Doch ist das, was auf den ersten Blick traurig und tragisch aussieht, auch wirklich so?

Meine Erfahrung: Setzt man sich mit dem Gegenüber konstruktiv auseinander, zeigt sich, dass dem genau eben nicht so ist!

Das eigene falsche Vorurteil

Ich habe in den letzten Jahren beim Thema Sparen bzw. Anlage für die Altersvorsorge von Menschen folgendes bzw. in ähnlicher Form gehört:

„Ich verdiene zu wenig, um noch selber nebenbei (für mein Alter) zu sparen!“

Nun kann man den oder die Gegenüber bedauern, dass dem so ist und zugegeben, es gibt diese Fälle in der Tat.
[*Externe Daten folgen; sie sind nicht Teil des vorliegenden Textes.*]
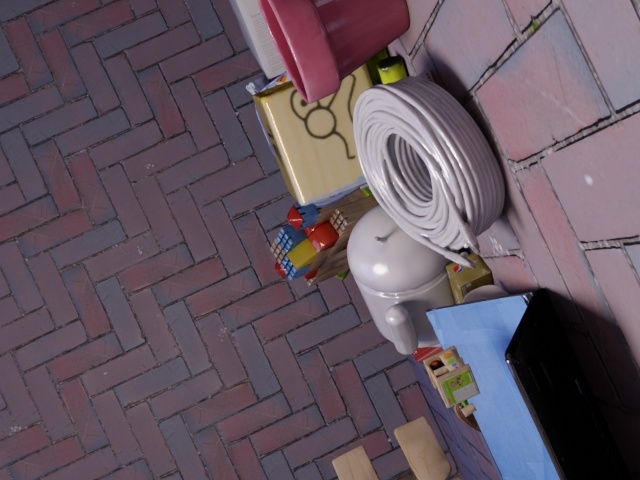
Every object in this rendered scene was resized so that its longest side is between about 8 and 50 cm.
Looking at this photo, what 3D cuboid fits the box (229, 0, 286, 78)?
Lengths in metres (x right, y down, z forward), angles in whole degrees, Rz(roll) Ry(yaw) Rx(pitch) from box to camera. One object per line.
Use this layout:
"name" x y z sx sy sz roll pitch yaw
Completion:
"box" -0.128 -0.581 1.801 0.215 0.168 0.345 -118 3 -47

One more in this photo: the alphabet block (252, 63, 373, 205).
"alphabet block" 0.006 -0.194 1.414 0.193 0.192 0.197 -136 25 -74

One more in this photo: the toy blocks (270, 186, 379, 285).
"toy blocks" 0.000 0.000 1.993 0.190 0.261 0.381 55 144 20

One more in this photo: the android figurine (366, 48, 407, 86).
"android figurine" 0.139 -0.200 1.382 0.248 0.056 0.273 -120 7 -55

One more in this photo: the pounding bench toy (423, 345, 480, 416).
"pounding bench toy" 0.191 0.205 1.150 0.065 0.052 0.083 -120 6 -66

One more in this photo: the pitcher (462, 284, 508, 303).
"pitcher" 0.299 0.201 1.314 0.178 0.125 0.207 53 158 42

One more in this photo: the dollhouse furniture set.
"dollhouse furniture set" 0.281 0.532 1.563 0.256 0.394 0.362 61 176 47

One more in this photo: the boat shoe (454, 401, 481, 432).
"boat shoe" 0.374 0.402 1.780 0.178 0.064 0.060 37 165 -20

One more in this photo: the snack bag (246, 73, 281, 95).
"snack bag" -0.034 -0.289 1.974 0.323 0.037 0.342 49 -158 -10

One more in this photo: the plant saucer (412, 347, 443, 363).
"plant saucer" 0.235 0.167 1.911 0.258 0.048 0.259 63 158 13

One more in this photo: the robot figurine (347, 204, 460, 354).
"robot figurine" 0.169 0.062 1.500 0.353 0.200 0.300 64 -152 -44

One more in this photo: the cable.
"cable" 0.147 -0.108 1.130 0.257 0.089 0.257 30 144 57

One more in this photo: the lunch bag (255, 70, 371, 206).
"lunch bag" 0.017 -0.229 1.645 0.303 0.243 0.115 64 -161 15

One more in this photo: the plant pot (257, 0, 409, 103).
"plant pot" 0.020 -0.327 1.162 0.201 0.180 0.201 64 177 6

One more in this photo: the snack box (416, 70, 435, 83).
"snack box" 0.126 -0.196 1.228 0.178 0.022 0.064 -27 88 61

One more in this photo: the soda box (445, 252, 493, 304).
"soda box" 0.276 0.110 1.422 0.058 0.061 0.181 -119 5 -47

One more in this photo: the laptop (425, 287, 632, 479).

Nimmt man sich dann die Zeit und spricht darüber, vorausgesetzt er oder sie geht darauf ein, zeigt sich jedoch ein anderes Bild. Ich spreche da aus eigener (leidvoller) Erfahrung. Bis vor gut 5 Jahren gehörte ich ebenfalls zu dieser Fraktion: Ich war felsenfest der Meinung, ich verdiene zu wenig um zusätzlich noch sparen und für das Alter Geld anlegen zu können.

Das eigene Bild von seinen Finanzen

Die vermeintlichen Gründe sind meist schnell gefunden:

  • Das Einkommen sei zu gering!
  • Die Ausgaben sind absolut notwendig, da kann man nicht (noch) mehr sparen!
  • Der finanzielle Spielraum, der noch bleibt, wird für Notfälle benötigt!
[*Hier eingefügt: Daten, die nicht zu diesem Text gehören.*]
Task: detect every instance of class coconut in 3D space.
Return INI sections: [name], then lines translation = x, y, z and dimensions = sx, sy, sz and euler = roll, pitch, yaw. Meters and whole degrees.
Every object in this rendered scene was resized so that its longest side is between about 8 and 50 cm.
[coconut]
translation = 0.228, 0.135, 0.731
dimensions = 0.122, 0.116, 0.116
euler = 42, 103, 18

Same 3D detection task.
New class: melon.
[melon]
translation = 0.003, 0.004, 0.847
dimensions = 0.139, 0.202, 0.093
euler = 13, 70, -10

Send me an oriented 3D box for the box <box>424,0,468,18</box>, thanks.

Dazu kommt dann auch noch ein falsches Denken, wenn es um die Frage der Geldanlage geht, weil

  • man annimmt, dass es sich nur lohne, wenn man regelmäßig hohe Beträge zurücklegt,
  • die Zinsen viel zu niedrig sind, dass sich gar nicht sparen lohnen würde,
  • alternative Anlageformen, bspw. in Form von Aktien, viel zu riskant sind

Die Liste lässt sich noch weiterführen. Am Ende überwiegen folgende „Hindernisse“:

  • Ich verdiene zu wenig und die laufenden Ausgaben sind nicht reduzierbar!
  • Es lohnt sich nicht mit kleinen Beträgen bei den niedrigen Zinsen anzulegen!

Der wirkliche Grund

Die Frage, die jedoch gestellt werden sollte, ist: Was ist der wirkliche Grund?

Ich persönlich kam mehr durch Zufall auf die Antwort: Der ausschlaggebende Grund ist nicht einer der oben aufgeführten Punkte, sondern, dass ich ein falsches Bild über meine Finanzsituation hatte.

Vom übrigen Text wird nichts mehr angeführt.